かねてから真剣交際しているという噂があり、同時期に東京から脱出してどこかに移住するっていう一部週刊誌報道についてSNS上で騒がれているツマブキサトシさんとイクタエリカちゃんが我が家を訪ねてきた。

一通りの世間話が終わったあと、あらためて座り直し姿勢を正したいくちゃんに「結婚します」って突然言われたわたしは、少し驚きつつも「おめでとう。噂は本当だったんだね」ってにっこり笑った。いくちゃんの隣に座ったツマブキさんがキリッとした表情で「どうもありがとうございます」って言いながら頭を下げた。

「そうか。いくちゃん、結婚するんだ」

その後、急遽決まった結婚前祝いの夕食の食材を買い出しにツマブキさんと妻は出かけたため、部屋の中はわたしといくちゃんの二人きりになった。

「ねえ、この話をnoteに書いたりしちゃダメだよね」
「当たり前じゃないですか 笑」

そんな他愛もない話、そして今では微笑ましいと思えるようになった思い出話が続くなか、ふと会話が途切れた隙間でいくちゃんは言った。

「わたしたちが結婚するって言った時、寂しそうな顔をしてたね」

「いや、そんなことないよ」と否定するわたしに対して「ううん、ほんの少しだけ寂しそうな顔してた」とまっすぐにわたしの目を見つめながら言う。

わたしは話題を変えようと「最近、髪色が明るいね」って言うと、「明るい髪色が好きだって言ってたでしょう」といたずらっぽく笑ういくちゃん。

ああ、なんだこれ。どういう状況なんだって混乱していると、目が覚めた。

前の日に妻とドライブをしている時、「最後のTight Hug」が流れてきて「久しぶりに聴いたな」って思ったからこんな夢を見たのかもしれない。

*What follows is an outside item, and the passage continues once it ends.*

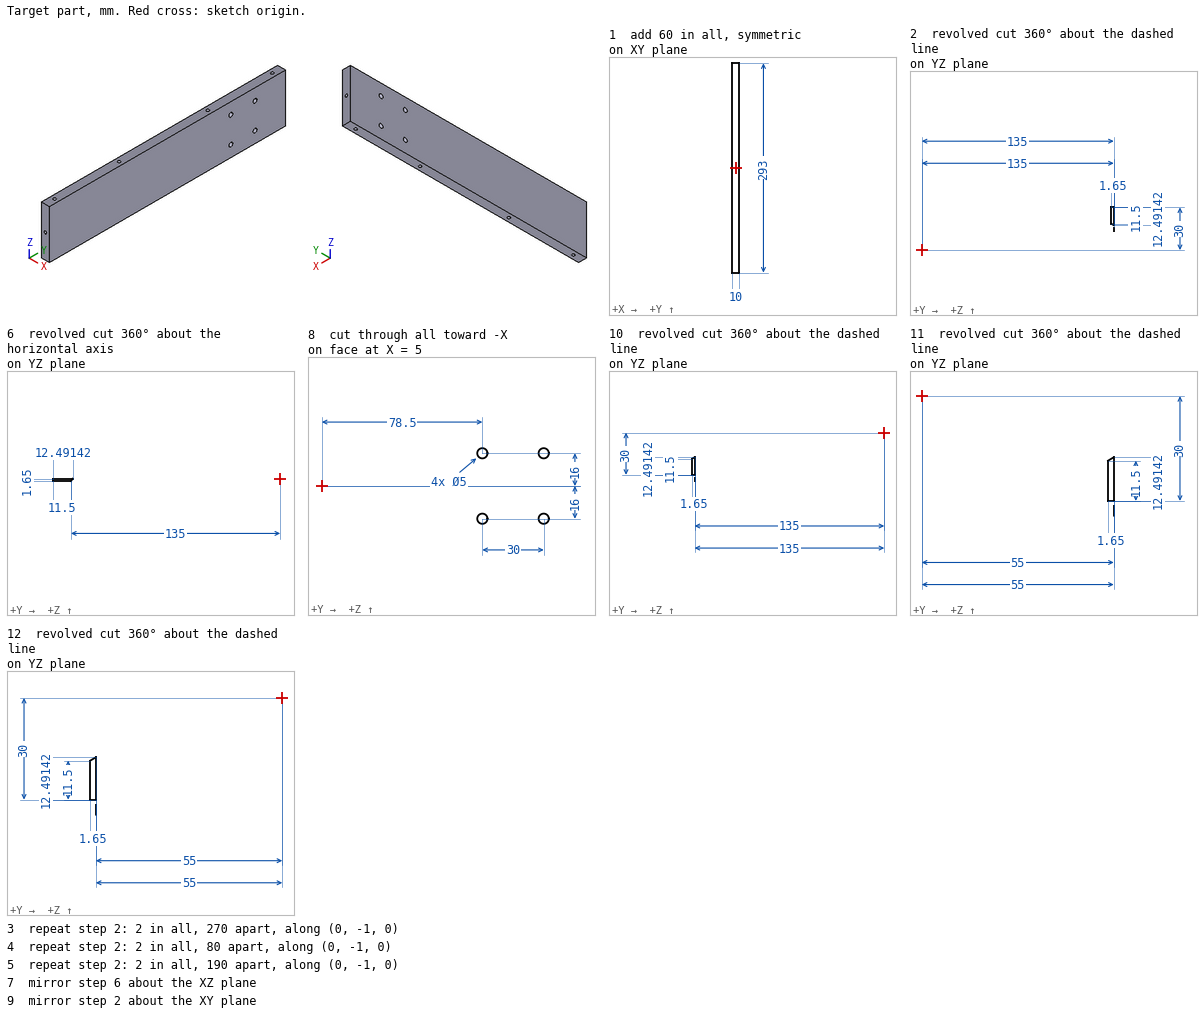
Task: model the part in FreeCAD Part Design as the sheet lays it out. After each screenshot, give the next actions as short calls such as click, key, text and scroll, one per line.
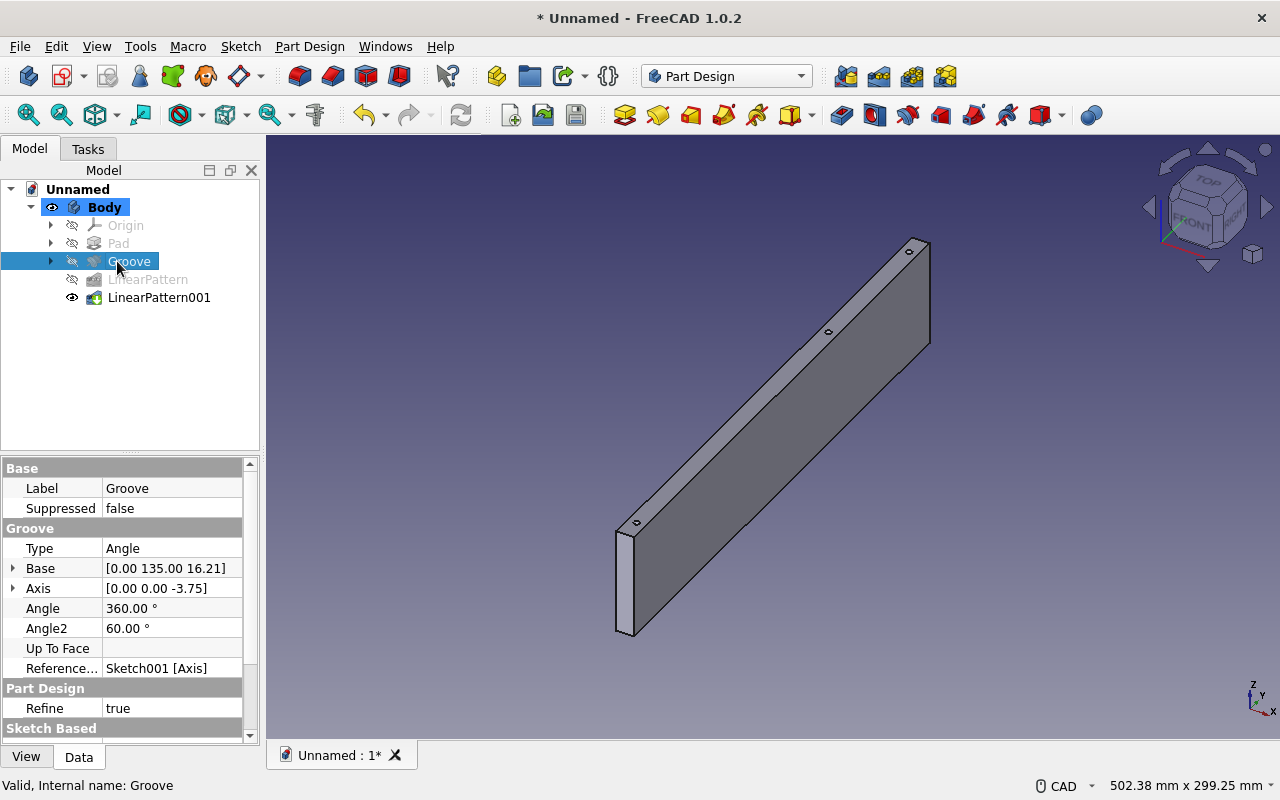
click(879, 76)

もうすこし夢の中にいたかったかなと、ちょっとだけ思ったりしながら寝返りを繰り返すうちにいつの間にかまた眠ってしまい、次に目覚めたときには窓から差し込む明るい朝日とともに部屋には日常があった。


作者注)
この物語はあくまで私がみた夢の話を元にひねり出した妄想なので、名前がいくら似ていても、あるいは同じでも、実在の人物その他との関係性は一切ありません。ヒャクパーありません。10万光年ありませんので。